# Work order
Transcribe the data as written, minus images.

[Start of section]

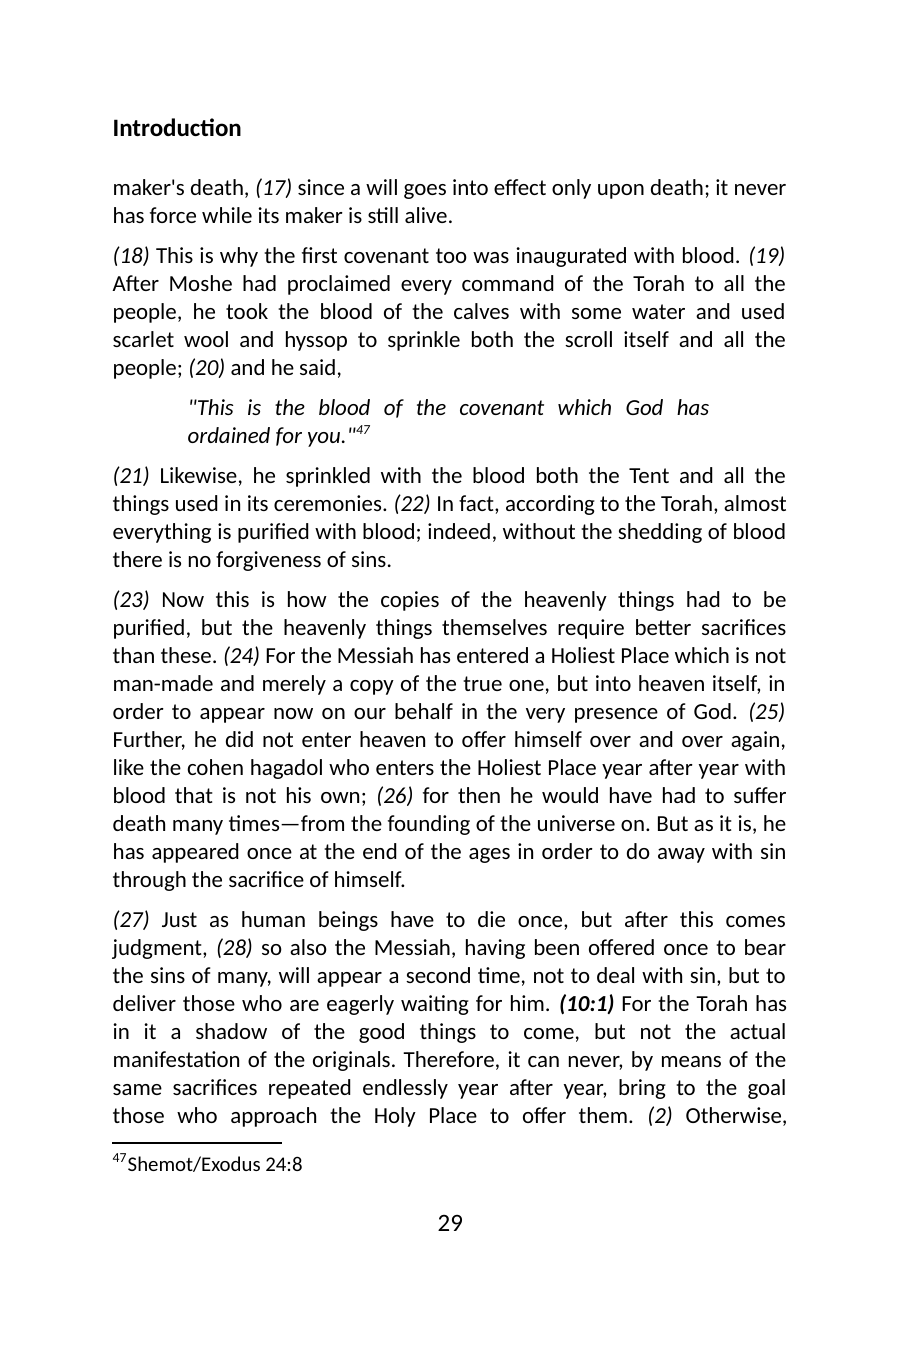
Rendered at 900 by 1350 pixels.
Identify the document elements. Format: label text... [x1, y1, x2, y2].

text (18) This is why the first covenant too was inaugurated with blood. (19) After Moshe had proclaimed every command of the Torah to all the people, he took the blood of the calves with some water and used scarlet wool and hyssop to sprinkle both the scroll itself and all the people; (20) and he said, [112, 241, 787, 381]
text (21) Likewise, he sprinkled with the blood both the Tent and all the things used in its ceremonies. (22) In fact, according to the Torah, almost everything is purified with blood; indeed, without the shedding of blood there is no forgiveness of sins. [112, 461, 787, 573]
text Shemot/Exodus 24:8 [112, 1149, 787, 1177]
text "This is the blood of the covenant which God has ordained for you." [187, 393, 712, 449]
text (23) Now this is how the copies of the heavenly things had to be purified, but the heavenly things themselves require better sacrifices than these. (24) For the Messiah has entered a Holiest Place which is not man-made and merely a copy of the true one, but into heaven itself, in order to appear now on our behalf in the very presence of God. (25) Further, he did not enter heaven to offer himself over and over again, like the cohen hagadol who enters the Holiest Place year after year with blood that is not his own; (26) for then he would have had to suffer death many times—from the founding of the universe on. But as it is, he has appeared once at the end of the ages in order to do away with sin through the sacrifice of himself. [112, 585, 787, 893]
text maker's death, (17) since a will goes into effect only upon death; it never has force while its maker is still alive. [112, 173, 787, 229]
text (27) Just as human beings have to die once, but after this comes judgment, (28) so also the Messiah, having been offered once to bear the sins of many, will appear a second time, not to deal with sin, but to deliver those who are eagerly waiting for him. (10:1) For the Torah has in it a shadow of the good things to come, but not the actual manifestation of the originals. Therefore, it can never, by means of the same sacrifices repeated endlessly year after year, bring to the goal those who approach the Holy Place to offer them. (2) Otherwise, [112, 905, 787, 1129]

[End of section]

# Expected answer
Rendered at 900 by 1350 pixels.
Identify the document elements. Format: label text... [x1, y1, x2, y2].

text (18) This is why the first covenant too was inaugurated with blood. (19) After Moshe had proclaimed every command of the Torah to all the people, he took the blood of the calves with some water and used scarlet wool and hyssop to sprinkle both the scroll itself and all the people; (20) and he said, [112, 241, 787, 381]
text (21) Likewise, he sprinkled with the blood both the Tent and all the things used in its ceremonies. (22) In fact, according to the Torah, almost everything is purified with blood; indeed, without the shedding of blood there is no forgiveness of sins. [112, 461, 787, 573]
text Shemot/Exodus 24:8 [112, 1149, 787, 1177]
text "This is the blood of the covenant which God has ordained for you." [187, 393, 712, 449]
text (23) Now this is how the copies of the heavenly things had to be purified, but the heavenly things themselves require better sacrifices than these. (24) For the Messiah has entered a Holiest Place which is not man-made and merely a copy of the true one, but into heaven itself, in order to appear now on our behalf in the very presence of God. (25) Further, he did not enter heaven to offer himself over and over again, like the cohen hagadol who enters the Holiest Place year after year with blood that is not his own; (26) for then he would have had to suffer death many times—from the founding of the universe on. But as it is, he has appeared once at the end of the ages in order to do away with sin through the sacrifice of himself. [112, 585, 787, 893]
text maker's death, (17) since a will goes into effect only upon death; it never has force while its maker is still alive. [112, 173, 787, 229]
text (27) Just as human beings have to die once, but after this comes judgment, (28) so also the Messiah, having been offered once to bear the sins of many, will appear a second time, not to deal with sin, but to deliver those who are eagerly waiting for him. (10:1) For the Torah has in it a shadow of the good things to come, but not the actual manifestation of the originals. Therefore, it can never, by means of the same sacrifices repeated endlessly year after year, bring to the goal those who approach the Holy Place to offer them. (2) Otherwise, [112, 905, 787, 1129]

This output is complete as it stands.